Following the gaps in the membership, it cannot even be presumed that the largest CMO represents the most right holders for any particular use. It should be noted that fixed numerical indicators such as “majority” are difficult61: even if there is only one CMO in a field, it does not automatically imply that it represents a majority of right holders in a particular field.62 The degree of representativeness is going to vary by sector and country. Similarly, existing schemes assess the representativeness in terms of membership always in combination with the second criterion: mandate. For example, the Danish Ministry of Culture assesses the representativeness of the CMO as a combination of membership size and the specific use (exclusive right) in question.63 In other words, while the absolute size of the membership matters, it can only be understood in respect to the specific right in question. This means the most representative CMO may differ according to the type of use. If the CMO Directive is successful in creating inter-CMO competition, this aspect will gain in importance. In addition, it should be noted at this point that most jurisdictions only allow for one CMO to actually license the content in the ECL context.64 This principle should be strengthened as Zhang points out; having more than one CMO can be confusing for non-members.65

3.2 Proper Mandate

The part of the representativeness criterion relating to the user’s “right to exploit works of the same nature”66 directly concerns the CMOs mandate and its capacity to grant licences with respect to the rights it administers.

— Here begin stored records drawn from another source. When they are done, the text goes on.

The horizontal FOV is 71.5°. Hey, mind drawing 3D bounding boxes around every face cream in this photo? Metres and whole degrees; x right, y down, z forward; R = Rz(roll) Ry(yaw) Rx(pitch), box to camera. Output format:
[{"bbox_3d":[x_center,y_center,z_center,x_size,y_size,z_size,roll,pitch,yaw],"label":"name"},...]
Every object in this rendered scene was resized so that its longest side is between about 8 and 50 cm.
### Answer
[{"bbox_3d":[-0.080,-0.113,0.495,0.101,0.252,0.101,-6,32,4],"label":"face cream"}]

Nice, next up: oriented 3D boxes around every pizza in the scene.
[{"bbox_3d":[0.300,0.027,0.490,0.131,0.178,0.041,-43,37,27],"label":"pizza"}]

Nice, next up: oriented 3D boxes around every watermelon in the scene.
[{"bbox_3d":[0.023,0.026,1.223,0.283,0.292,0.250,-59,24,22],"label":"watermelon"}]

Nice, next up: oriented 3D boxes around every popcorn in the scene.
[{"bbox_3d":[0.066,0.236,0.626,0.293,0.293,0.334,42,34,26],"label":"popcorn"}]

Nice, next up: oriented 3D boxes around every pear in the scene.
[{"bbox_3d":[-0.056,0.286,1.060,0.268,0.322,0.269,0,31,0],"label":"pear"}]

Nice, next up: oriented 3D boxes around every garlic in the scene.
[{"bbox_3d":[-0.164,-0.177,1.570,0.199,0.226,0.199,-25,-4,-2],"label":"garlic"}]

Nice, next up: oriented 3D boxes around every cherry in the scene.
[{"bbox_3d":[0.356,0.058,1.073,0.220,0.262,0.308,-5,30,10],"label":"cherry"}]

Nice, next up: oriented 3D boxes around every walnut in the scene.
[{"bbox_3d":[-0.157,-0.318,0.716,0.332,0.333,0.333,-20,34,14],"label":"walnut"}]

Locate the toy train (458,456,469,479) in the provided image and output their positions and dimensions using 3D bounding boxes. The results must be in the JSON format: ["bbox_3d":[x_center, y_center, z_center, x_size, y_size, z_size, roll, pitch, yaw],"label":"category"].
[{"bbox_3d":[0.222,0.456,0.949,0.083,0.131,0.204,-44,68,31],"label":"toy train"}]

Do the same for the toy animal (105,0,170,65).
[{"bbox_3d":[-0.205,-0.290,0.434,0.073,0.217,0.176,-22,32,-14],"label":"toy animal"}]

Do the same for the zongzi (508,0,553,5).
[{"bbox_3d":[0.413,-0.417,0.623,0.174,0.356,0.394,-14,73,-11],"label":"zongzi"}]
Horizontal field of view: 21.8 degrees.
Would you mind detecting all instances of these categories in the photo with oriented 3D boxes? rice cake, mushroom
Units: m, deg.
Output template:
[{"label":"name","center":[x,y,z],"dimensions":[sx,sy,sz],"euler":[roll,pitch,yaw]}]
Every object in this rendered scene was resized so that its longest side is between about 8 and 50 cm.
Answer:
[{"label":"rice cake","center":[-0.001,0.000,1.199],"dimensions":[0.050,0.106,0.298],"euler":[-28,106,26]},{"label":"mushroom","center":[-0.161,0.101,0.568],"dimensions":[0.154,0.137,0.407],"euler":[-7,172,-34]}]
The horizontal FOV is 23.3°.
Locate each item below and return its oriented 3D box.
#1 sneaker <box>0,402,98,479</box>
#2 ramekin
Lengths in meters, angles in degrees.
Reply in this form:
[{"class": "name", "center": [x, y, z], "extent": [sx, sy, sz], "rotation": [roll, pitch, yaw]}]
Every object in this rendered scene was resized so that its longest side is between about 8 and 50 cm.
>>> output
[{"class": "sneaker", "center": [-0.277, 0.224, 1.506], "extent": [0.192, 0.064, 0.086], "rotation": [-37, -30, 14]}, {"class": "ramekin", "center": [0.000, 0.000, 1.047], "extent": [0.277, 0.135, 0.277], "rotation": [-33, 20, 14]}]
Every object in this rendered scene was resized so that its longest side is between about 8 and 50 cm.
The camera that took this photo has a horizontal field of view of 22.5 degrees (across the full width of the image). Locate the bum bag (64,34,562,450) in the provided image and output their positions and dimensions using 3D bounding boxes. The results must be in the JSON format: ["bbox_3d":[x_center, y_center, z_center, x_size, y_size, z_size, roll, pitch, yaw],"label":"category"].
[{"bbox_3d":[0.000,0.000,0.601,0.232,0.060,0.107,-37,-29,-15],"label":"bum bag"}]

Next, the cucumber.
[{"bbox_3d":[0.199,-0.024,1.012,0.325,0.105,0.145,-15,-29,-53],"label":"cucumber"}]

To be entitled to grant licences in the first place, whether on behalf of non-members or not, the CMO must be entrusted by its members with an explicit mandate to represent specific rights. Following the CMO Directive, these rights have to be explicitly listed.67 In the context of the digitisation and dissemination of presumably old(er) cultural heritage material, the question whether the CMO has obtained from the rights owners, their heirs or assignees, the necessary mandate to administer the digital rights in these older works is very relevant. New uses such as online use can also not be automatically presumed to have been transferred, with the rules varying significantly between member states.68 A CMO managing the rights in a particular work can therefore not necessarily license online use if its mandate is based on older contracts, in particular from the pre-digital age. In practice, the CMO has to actively update the contracts. This can be a major administrative burden69 not many CMOs will have fully complied with.70 Therefore, older contracts and rights fragmentation mean that even if the rights in a particular copyright work are managed by a CMO, the mandate does not necessarily cover all economic rights.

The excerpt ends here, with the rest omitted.